2. Alpha should matter more than beta

If high RAI historically leads to lower large-move risk, then the opportunity set shifts toward dispersion and relative value.

This favors:

stock selection,

sector rotation,

long/short alpha,

quality laggards,

earnings revision winners,

less crowded AI beneficiaries,

selective consumer and healthcare names.

3. Semis are fundamentally strong but crowded

The semi trade remains supported by AI infrastructure demand, but mutual-fund and hedge-fund positioning has become stretched. The semi/software relative tilt is extreme.

This argues for not abandoning semis, but reducing concentration and using strength to diversify.

4. Software may be due for relative stabilization

Software has been a funding source, but if investors diversify out of crowded semis, software could benefit. Large long-dated downside buying in software suggests skepticism remains high, but that also means a good earnings or AI-monetization catalyst could produce a squeeze.

5. Mag 7 underweight creates benchmark pressure

With mutual funds 723bp underweight Mag 7, continued mega-cap strength would pressure active managers. That may create forced buying if the group keeps leading.
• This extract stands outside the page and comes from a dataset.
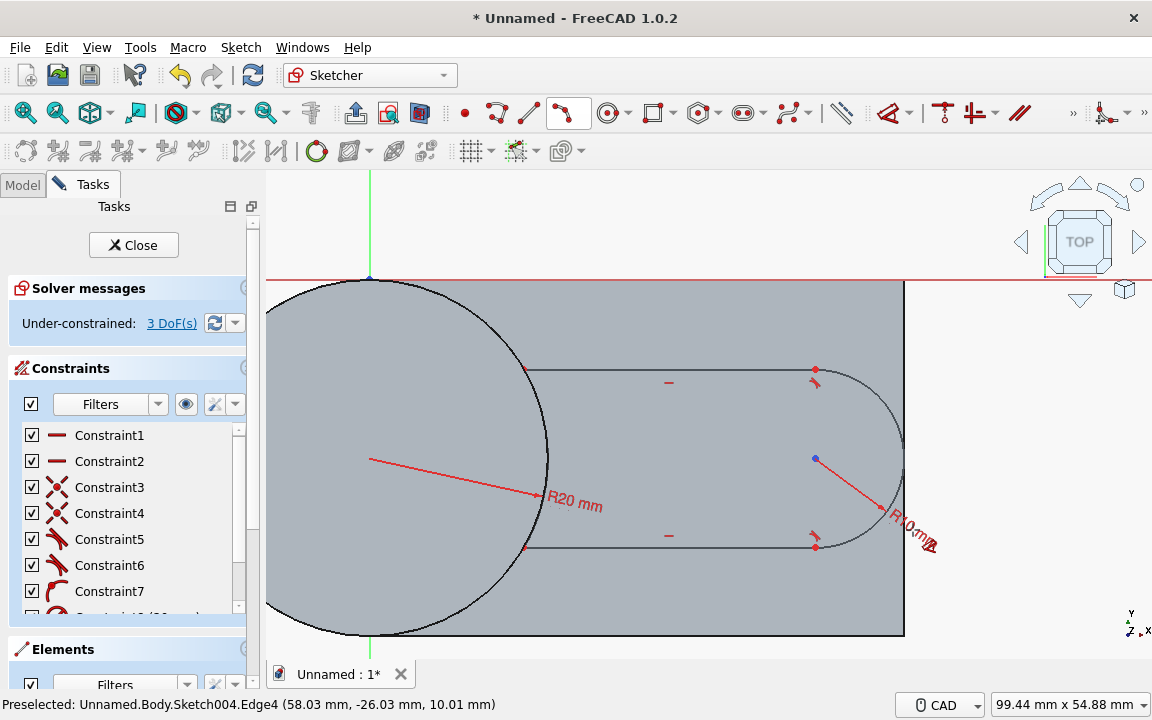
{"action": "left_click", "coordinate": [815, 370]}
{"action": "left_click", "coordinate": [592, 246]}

But if leadership broadens, active managers may finally improve relative performance.

6. Asia is increasingly favored over the US

Hedge funds are at record relative allocation extremes: more Asia, less North America. This is a major regional positioning statement.

The risk is that if US macro improves or US mega-cap tech reaccelerates, the US underweight becomes painful.

Trading takeaway

The market is not simply “too bullish.” It is more complicated.

Aggregate risk appetite is extremely high, but hedge funds are cautious on US equities and heavily hedged through macro shorts. Mutual funds are underweight Mag 7, crowded in semis versus software, and many are underperforming benchmarks. Momentum has been very strong but is now stretched. Asia is gaining favor at the expense of North America.

This creates a market where the biggest near-term risks are:

a momentum unwind,

a semi crowding reversal,

an index squeeze from macro short covering,

forced mutual-fund chasing if Mag 7 keeps rising,

liquidity drain ahead of a very large IPO,

sharp rotations rather than broad index breakdowns.